Alpha Touré

Personal information
- Full name: Alpha Amadou Touré
- Date of birth: 25 January 2006 (age 20)
- Place of birth: Kaolack, Senegal
- Height: 1.80 m (5 ft 11 in)
- Position: Defensive midfielder

Team information
- Current team: Metz
- Number: 12

Youth career
- Génération Foot

Senior career*
- Years: Team / Apps / (Gls)
- 0000–2024: Génération Foot
- 2024–: Metz / 46 / (0)
- 2024–: Metz B / 5 / (1)

International career^{‡}
- 2023: Senegal U17 / 4 / (0)

= Alpha Touré =

Senegalese footballer (born 2006)

Alpha Amadou Touré (born 25 January 2006) is a Senegalese professional footballer who plays as a defensive midfielder for club Metz.

== Club career ==
A versatile player capable playing in the midfield and defense, Touré is a product of Génération Foot in his native Senegal.
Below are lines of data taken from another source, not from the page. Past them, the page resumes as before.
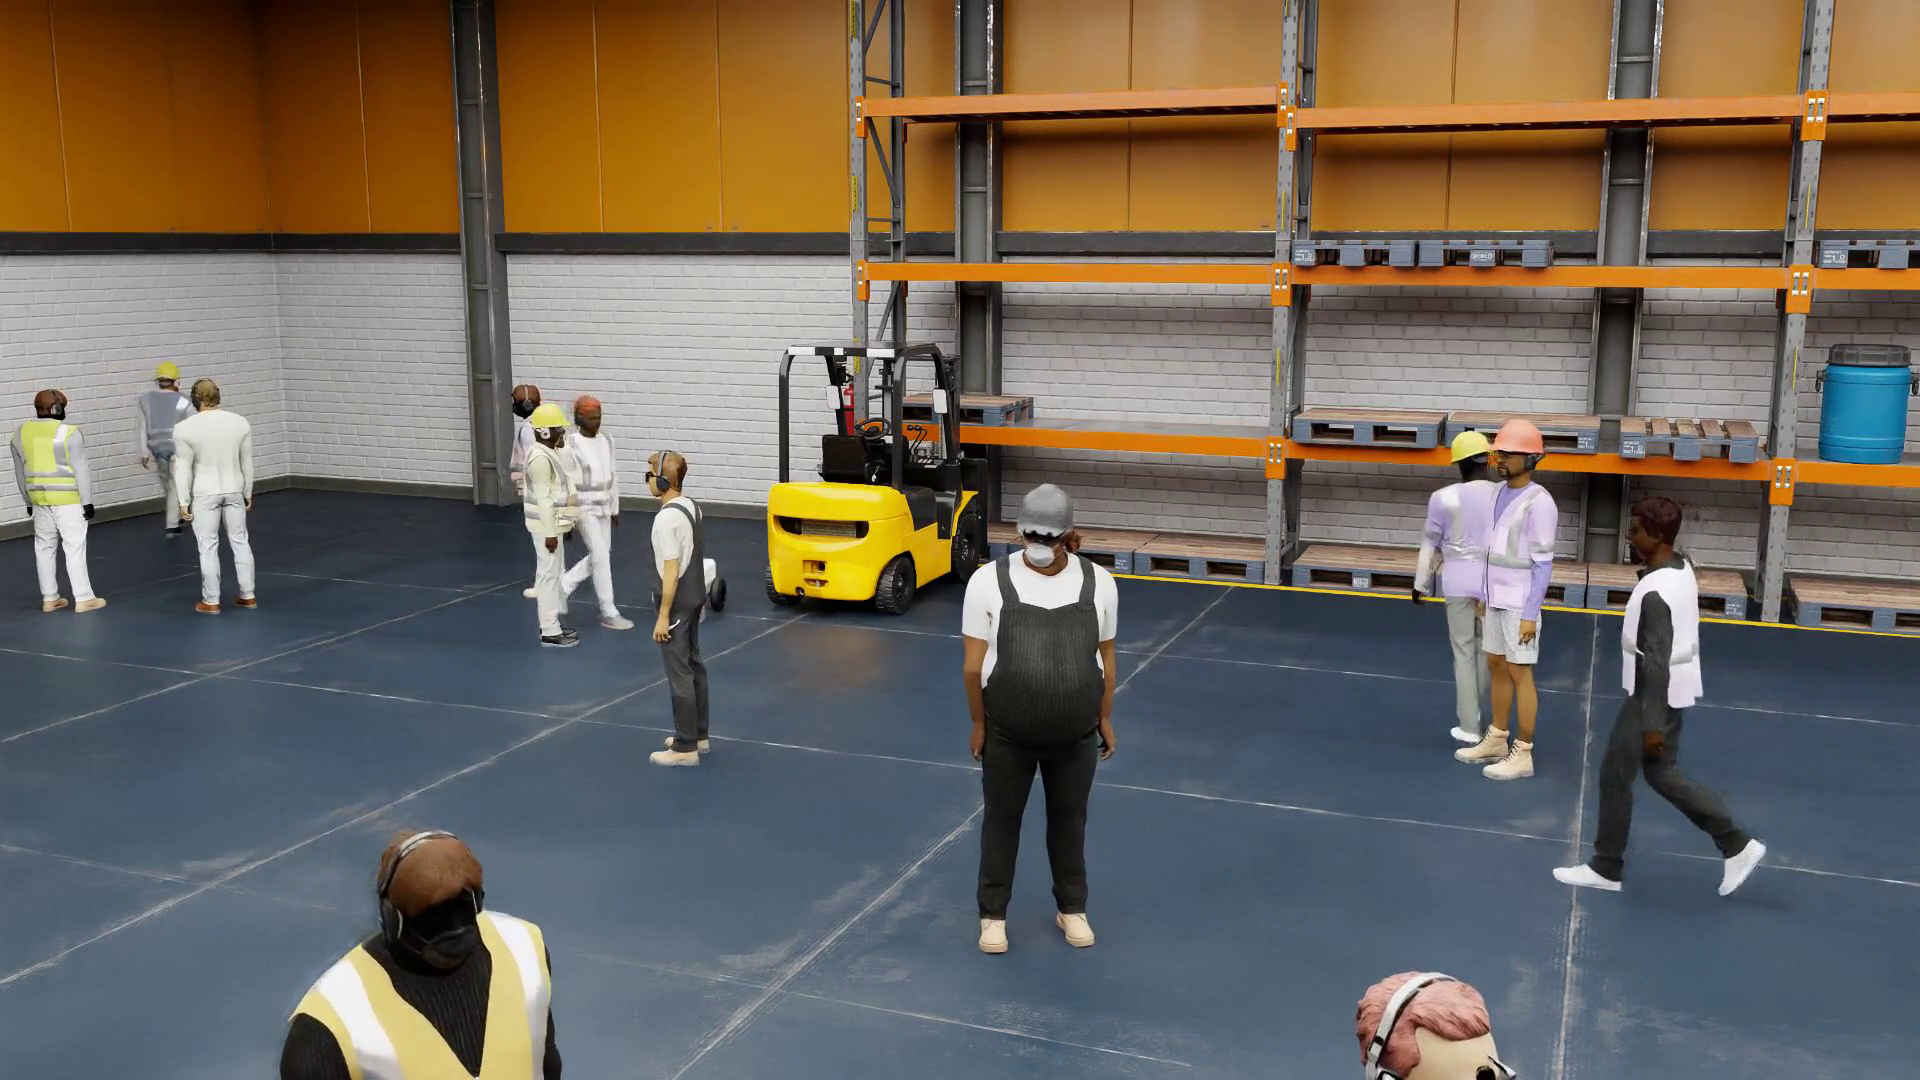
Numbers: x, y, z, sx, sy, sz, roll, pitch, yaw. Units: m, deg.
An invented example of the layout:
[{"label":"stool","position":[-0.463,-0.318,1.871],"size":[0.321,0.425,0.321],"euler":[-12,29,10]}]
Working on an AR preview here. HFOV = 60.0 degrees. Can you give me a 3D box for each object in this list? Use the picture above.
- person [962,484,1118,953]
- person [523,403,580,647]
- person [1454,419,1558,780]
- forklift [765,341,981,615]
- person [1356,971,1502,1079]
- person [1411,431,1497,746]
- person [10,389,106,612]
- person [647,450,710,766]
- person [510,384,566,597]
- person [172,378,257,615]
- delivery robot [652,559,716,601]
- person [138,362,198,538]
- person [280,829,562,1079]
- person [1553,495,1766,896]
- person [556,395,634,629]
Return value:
[{"label":"person","position":[0.360,0.757,7.101],"size":[0.674,2.000,0.537],"euler":[-1,10,-8]},{"label":"person","position":[-3.077,-0.116,12.544],"size":[0.403,1.834,0.588],"euler":[-2,10,-14]},{"label":"person","position":[3.116,0.333,9.447],"size":[0.368,2.048,0.607],"euler":[-2,10,-11]},{"label":"forklift","position":[-0.739,-0.602,14.246],"size":[1.214,2.155,2.313],"euler":[4,11,21]},{"label":"person","position":[0.724,1.610,2.723],"size":[0.643,1.910,0.400],"euler":[-8,13,-37]},{"label":"person","position":[3.114,0.273,10.248],"size":[0.590,1.879,0.820],"euler":[-1,10,-6]},{"label":"person","position":[-7.396,-0.317,13.660],"size":[0.620,1.838,0.430],"euler":[1,10,6]},{"label":"person","position":[-1.648,0.394,9.670],"size":[0.327,1.843,0.516],"euler":[2,10,10]},{"label":"person","position":[-3.649,-0.428,14.330],"size":[0.432,1.832,0.637],"euler":[0,10,-1]},{"label":"person","position":[-6.095,-0.356,13.631],"size":[0.374,1.933,0.632],"euler":[10,14,43]},{"label":"delivery robot","position":[-2.231,0.311,13.466],"size":[0.477,0.478,0.707],"euler":[2,10,10]},{"label":"person","position":[-8.174,-0.956,17.356],"size":[0.611,1.778,0.947],"euler":[0,10,-3]},{"label":"person","position":[-1.081,1.504,3.591],"size":[0.649,1.820,0.705],"euler":[-10,14,-43]},{"label":"person","position":[3.257,0.731,7.643],"size":[0.833,1.894,0.592],"euler":[7,12,33]},{"label":"person","position":[-2.962,-0.227,13.104],"size":[0.774,1.861,0.598],"euler":[5,12,28]}]

On 12 July 2024, he signed for Ligue 2 club Metz on a contract until June 2028. He made his first start for the club in a 1–0 defeat away to Metz on 29 October 2024. On 29 May 2025, he scored an extra-time goal in a 3–1 play-off victory over Reims that secured Metz's return to Ligue 1.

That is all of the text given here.